RECORDS SUPPLIED:
"""

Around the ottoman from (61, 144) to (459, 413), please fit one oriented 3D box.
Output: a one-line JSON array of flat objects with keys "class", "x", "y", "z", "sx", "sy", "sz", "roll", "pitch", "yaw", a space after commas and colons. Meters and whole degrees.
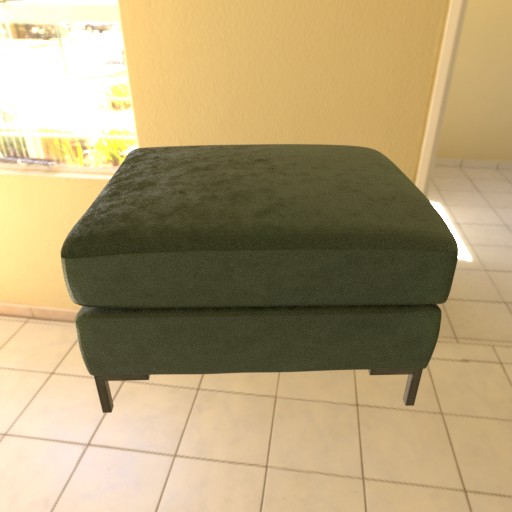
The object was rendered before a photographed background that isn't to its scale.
[{"class": "ottoman", "x": 0.000, "y": 0.000, "z": 1.290, "sx": 0.839, "sy": 0.538, "sz": 0.701, "roll": -1, "pitch": 30, "yaw": -1}]
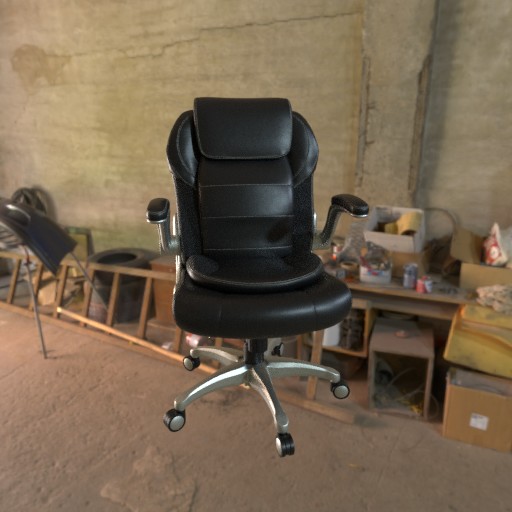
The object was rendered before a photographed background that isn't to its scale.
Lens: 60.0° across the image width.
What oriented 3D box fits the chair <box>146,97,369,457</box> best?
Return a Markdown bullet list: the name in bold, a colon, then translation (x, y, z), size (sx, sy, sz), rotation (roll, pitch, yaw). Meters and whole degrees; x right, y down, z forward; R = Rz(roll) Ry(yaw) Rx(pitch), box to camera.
- **chair**: translation (0.000, 0.000, 1.631), size (0.724, 1.141, 0.801), rotation (-2, 16, -8)
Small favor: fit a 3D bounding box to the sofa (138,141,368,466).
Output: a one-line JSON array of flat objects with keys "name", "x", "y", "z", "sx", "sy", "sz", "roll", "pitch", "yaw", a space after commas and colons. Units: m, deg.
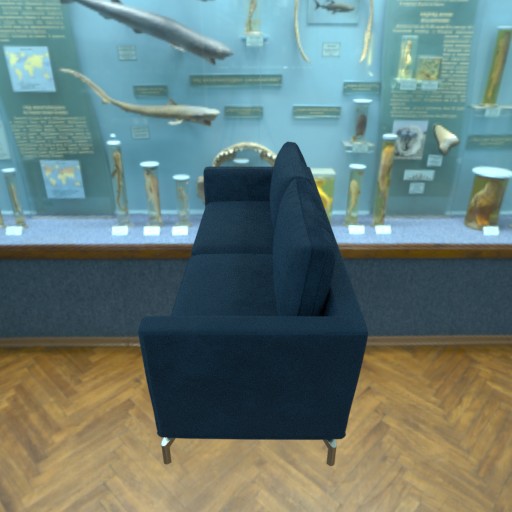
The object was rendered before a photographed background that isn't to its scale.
[{"name": "sofa", "x": 0.000, "y": 0.000, "z": 2.694, "sx": 0.853, "sy": 0.998, "sz": 2.212, "roll": 0, "pitch": 27, "yaw": 1}]
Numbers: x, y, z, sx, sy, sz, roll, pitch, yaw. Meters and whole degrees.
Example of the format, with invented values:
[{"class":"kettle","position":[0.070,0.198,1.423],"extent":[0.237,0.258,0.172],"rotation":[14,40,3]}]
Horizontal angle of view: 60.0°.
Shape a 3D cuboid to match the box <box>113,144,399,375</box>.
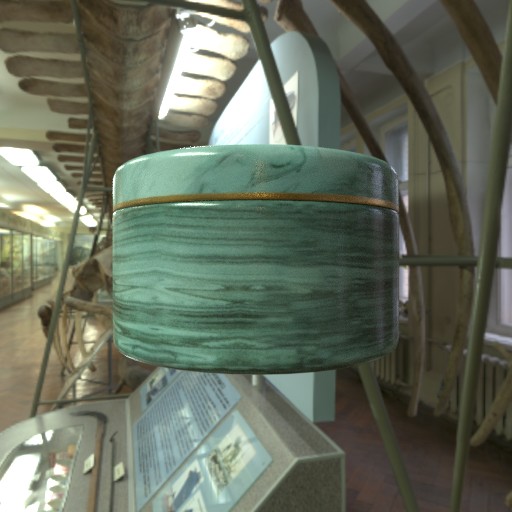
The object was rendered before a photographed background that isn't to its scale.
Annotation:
[{"class":"box","position":[0.000,0.000,0.165],"extent":[0.101,0.063,0.101],"rotation":[0,0,0]}]
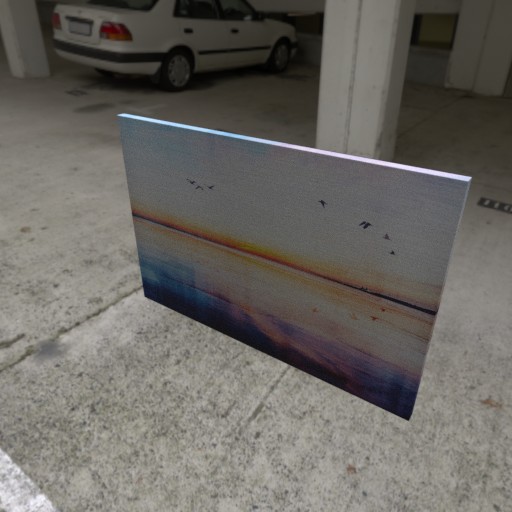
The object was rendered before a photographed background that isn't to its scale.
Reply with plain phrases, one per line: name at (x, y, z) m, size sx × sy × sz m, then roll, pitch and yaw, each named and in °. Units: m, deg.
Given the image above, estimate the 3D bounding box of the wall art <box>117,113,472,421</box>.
wall art at (0.000, 0.000, 0.762) m, size 0.604 × 0.402 × 0.018 m, roll 19°, pitch 35°, yaw 30°
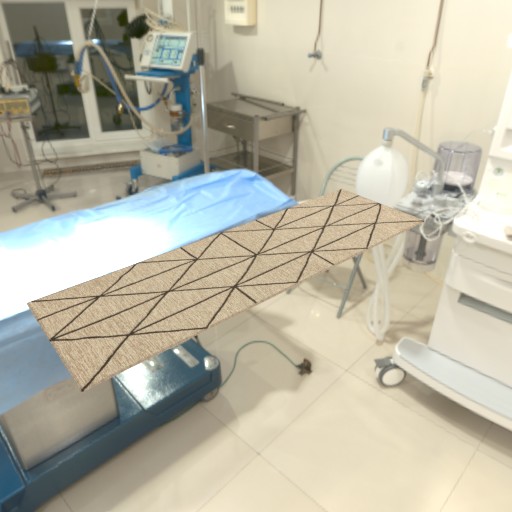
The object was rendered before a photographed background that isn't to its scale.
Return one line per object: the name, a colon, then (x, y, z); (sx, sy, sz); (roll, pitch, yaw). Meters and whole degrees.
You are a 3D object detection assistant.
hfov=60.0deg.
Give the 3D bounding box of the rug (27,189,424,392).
rug: (0.000, 0.000, 2.696); (2.438, 0.012, 0.762); (-23, 37, -33)
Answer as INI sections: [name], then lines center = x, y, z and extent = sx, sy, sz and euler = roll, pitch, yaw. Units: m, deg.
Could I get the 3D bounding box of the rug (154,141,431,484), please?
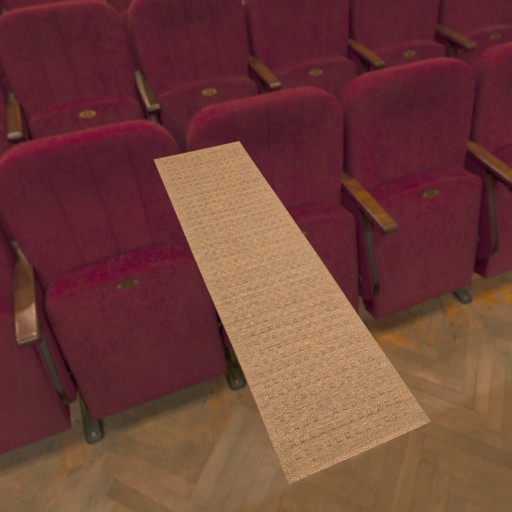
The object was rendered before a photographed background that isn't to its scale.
[rug]
center = 0.000, 0.000, 2.637
extent = 0.688, 0.005, 2.437
euler = -16, 48, -15
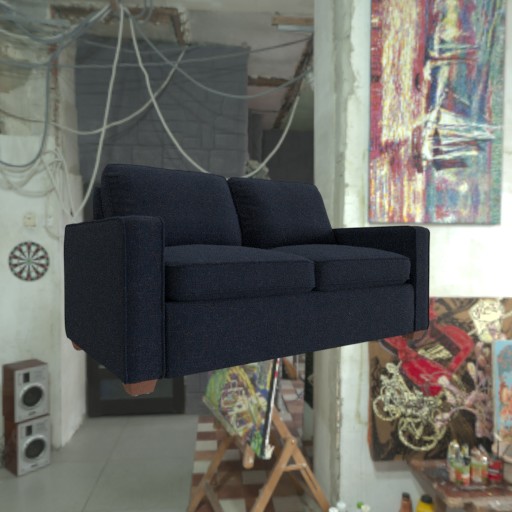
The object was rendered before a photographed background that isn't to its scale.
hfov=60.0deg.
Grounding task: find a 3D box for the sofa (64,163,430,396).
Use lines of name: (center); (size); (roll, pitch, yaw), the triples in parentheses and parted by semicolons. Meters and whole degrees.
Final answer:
sofa: (0.000, 0.000, 2.302); (1.709, 0.918, 0.947); (-1, 2, -35)
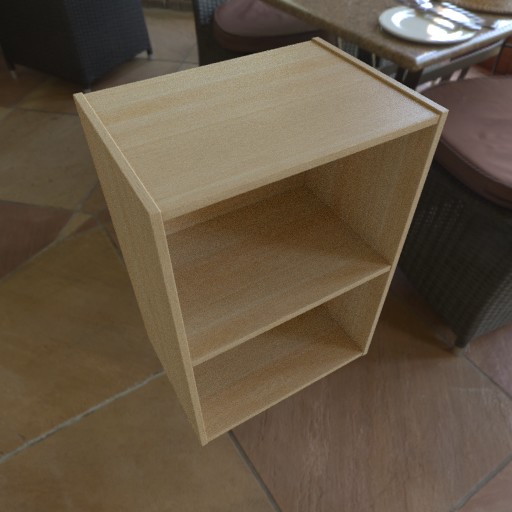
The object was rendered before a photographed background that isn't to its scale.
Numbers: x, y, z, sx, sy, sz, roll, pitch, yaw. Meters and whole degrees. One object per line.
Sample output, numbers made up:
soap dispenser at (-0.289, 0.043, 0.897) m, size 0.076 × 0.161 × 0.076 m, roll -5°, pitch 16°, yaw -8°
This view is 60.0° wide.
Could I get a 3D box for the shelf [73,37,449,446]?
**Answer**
shelf at (0.000, 0.000, 0.803) m, size 0.414 × 0.592 × 0.290 m, roll -23°, pitch 50°, yaw -20°
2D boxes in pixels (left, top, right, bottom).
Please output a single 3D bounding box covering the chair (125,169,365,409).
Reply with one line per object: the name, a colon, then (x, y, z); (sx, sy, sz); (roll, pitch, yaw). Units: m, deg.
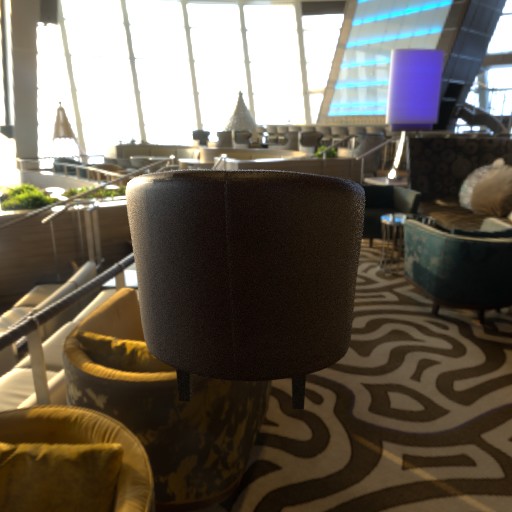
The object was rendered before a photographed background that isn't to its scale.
chair: (0.000, 0.000, 1.703); (0.737, 0.755, 1.176); (2, 17, 6)
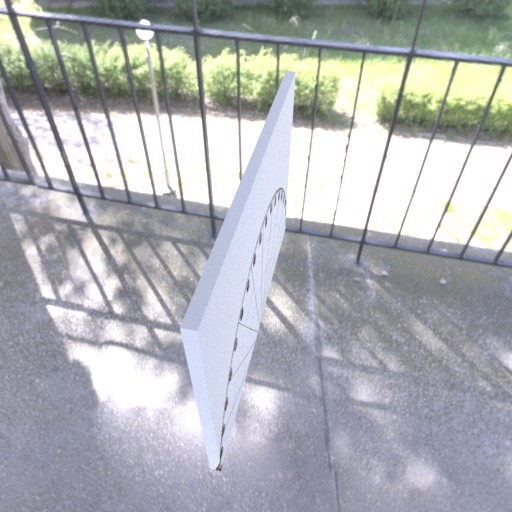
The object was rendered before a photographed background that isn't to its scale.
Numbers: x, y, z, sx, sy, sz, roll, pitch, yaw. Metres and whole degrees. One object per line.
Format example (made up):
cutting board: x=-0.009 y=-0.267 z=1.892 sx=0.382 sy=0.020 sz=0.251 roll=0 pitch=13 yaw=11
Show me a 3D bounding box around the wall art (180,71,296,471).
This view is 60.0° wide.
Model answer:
wall art: x=0.000 y=0.000 z=1.492 sx=0.038 sy=0.767 sz=1.144 roll=9 pitch=47 yaw=9
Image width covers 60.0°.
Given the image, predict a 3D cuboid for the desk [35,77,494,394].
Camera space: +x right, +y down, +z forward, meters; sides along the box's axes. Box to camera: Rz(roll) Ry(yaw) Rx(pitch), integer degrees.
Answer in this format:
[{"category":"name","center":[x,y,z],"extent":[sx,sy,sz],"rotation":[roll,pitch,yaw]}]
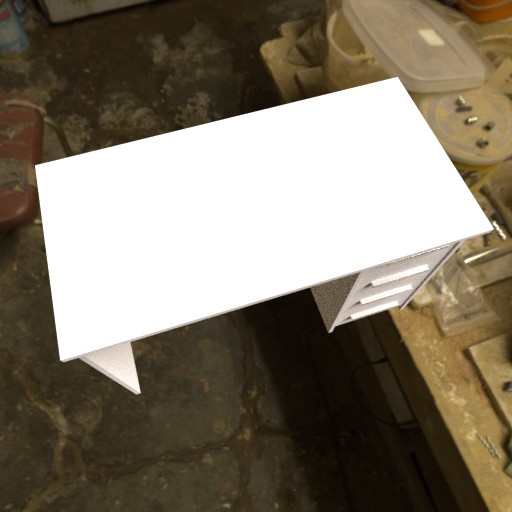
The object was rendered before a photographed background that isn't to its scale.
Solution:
[{"category":"desk","center":[0.000,0.000,1.501],"extent":[1.096,0.730,0.560],"rotation":[-16,65,-8]}]
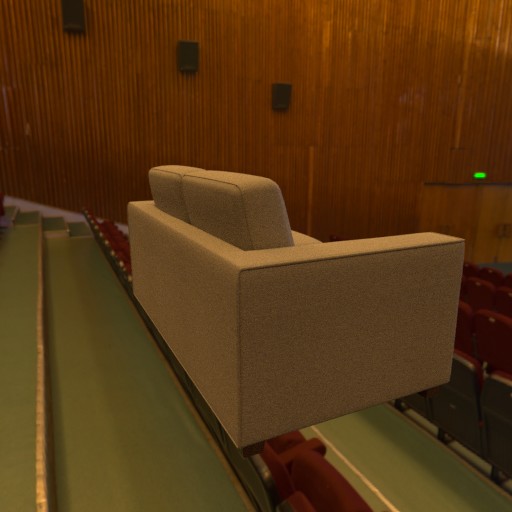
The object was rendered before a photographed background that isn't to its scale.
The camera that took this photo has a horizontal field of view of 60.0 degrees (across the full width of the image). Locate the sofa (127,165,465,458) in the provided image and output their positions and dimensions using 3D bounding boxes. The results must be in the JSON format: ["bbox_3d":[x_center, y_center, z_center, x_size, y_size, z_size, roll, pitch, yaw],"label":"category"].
[{"bbox_3d":[0.000,0.000,2.371,1.007,0.924,1.812,-7,15,-25],"label":"sofa"}]
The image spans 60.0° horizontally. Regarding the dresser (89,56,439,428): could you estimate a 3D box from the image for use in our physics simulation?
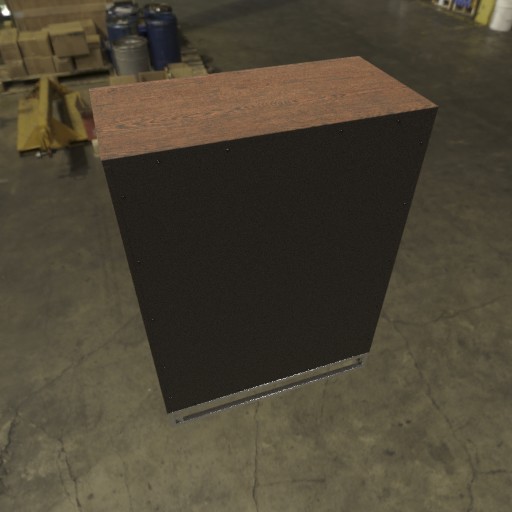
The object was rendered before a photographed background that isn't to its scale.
[{"bbox_3d":[0.000,0.000,1.802,0.965,1.321,0.508,-13,43,-14],"label":"dresser"}]
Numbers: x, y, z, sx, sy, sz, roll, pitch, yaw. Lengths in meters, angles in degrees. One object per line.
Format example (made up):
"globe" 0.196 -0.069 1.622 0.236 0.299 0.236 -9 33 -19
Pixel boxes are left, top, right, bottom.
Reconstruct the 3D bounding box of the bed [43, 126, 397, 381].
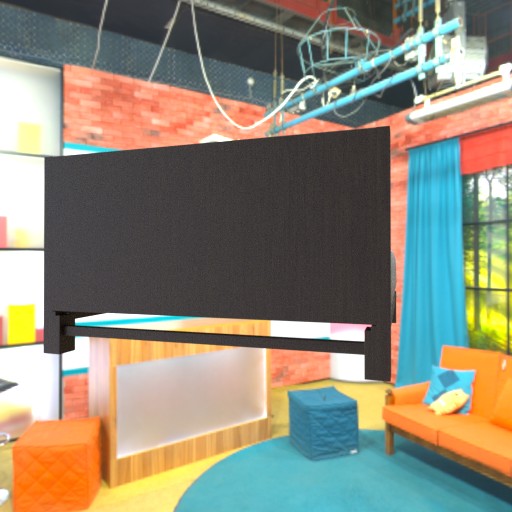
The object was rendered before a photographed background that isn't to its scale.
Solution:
"bed" 0.000 0.000 3.576 2.143 1.261 2.238 0 -1 18
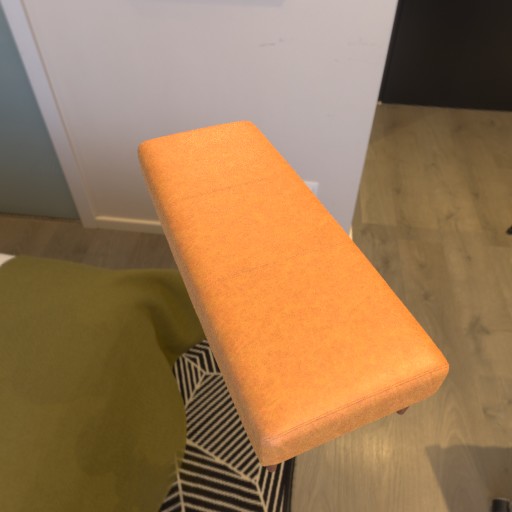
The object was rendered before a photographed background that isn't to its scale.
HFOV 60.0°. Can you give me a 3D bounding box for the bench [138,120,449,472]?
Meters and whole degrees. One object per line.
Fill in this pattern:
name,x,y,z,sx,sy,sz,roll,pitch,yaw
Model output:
bench,0.000,0.000,1.870,0.653,0.399,1.610,-17,48,-16
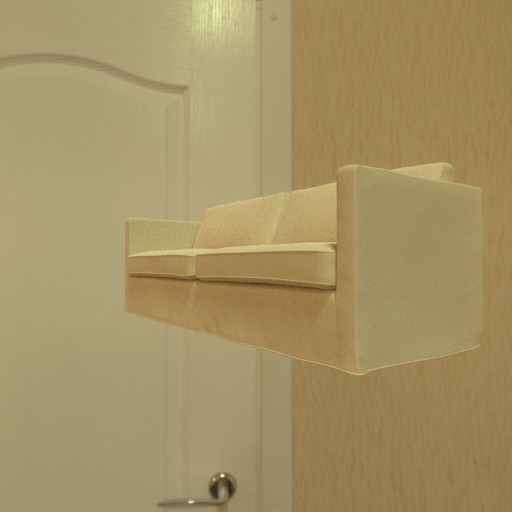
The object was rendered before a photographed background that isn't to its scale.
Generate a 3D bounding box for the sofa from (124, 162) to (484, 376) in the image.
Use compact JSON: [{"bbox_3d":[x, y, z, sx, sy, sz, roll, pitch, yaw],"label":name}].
[{"bbox_3d":[0.000,0.000,3.170,1.036,0.999,2.779,1,-1,-35],"label":"sofa"}]
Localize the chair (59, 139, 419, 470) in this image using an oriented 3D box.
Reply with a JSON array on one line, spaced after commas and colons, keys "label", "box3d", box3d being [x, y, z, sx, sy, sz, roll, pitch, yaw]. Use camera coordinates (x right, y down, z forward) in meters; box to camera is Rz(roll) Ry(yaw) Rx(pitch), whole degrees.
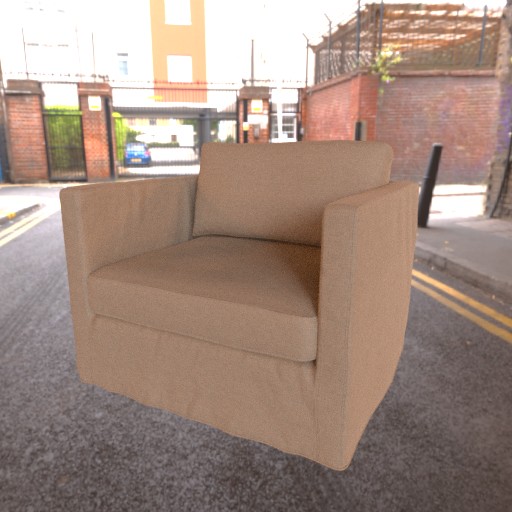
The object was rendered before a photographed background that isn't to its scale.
[{"label": "chair", "box3d": [0.000, 0.000, 1.703, 1.057, 0.867, 0.949, 7, 16, 27]}]
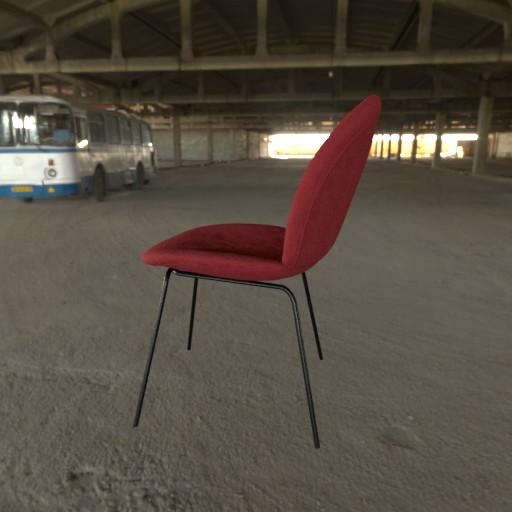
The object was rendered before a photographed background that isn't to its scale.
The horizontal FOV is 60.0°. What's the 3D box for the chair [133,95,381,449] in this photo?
[{"bbox_3d":[0.000,0.000,1.175,0.587,0.791,0.458,2,14,9],"label":"chair"}]
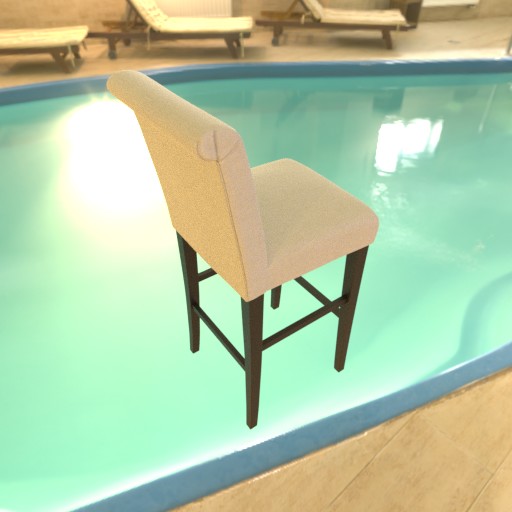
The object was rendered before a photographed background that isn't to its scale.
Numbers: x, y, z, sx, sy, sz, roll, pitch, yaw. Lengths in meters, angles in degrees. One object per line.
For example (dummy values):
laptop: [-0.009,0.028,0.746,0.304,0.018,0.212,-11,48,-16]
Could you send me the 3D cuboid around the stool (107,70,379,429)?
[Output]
stool: [0.000,0.000,1.417,0.597,1.124,0.452,-24,45,-27]
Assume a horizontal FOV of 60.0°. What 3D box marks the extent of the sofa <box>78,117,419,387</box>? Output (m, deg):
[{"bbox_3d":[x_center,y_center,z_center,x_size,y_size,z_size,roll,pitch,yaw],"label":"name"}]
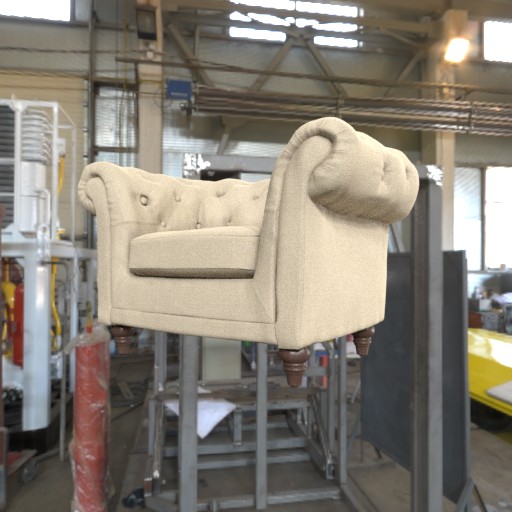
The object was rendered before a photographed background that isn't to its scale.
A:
[{"bbox_3d":[0.000,0.000,2.060,1.405,0.878,1.034,0,-1,35],"label":"sofa"}]

"""

BRIEF: Give back exactly the lines above that run from the one with "Give the 3D" to the one with "Grounding task: find", including both, with the pictures left out.

WRITTEN RESPONSE:
Give the 3D bounding box of the rug (27,189,424,392).
rug: (0.000, 0.000, 2.696); (2.438, 0.012, 0.762); (-23, 37, -33)
Answer as INI sections: [name], then lines center = x, y, z and extent = sx, sy, sz and euler = roll, pitch, yaw. Units: m, deg.
Could I get the 3D bounding box of the rug (154,141,431,484), please?
The object was rendered before a photographed background that isn't to its scale.
[rug]
center = 0.000, 0.000, 2.637
extent = 0.688, 0.005, 2.437
euler = -16, 48, -15
The object was rendered before a photographed background that isn't to its scale.
hfov=60.0deg.
Grounding task: find a 3D box for the sofa (64,163,430,396).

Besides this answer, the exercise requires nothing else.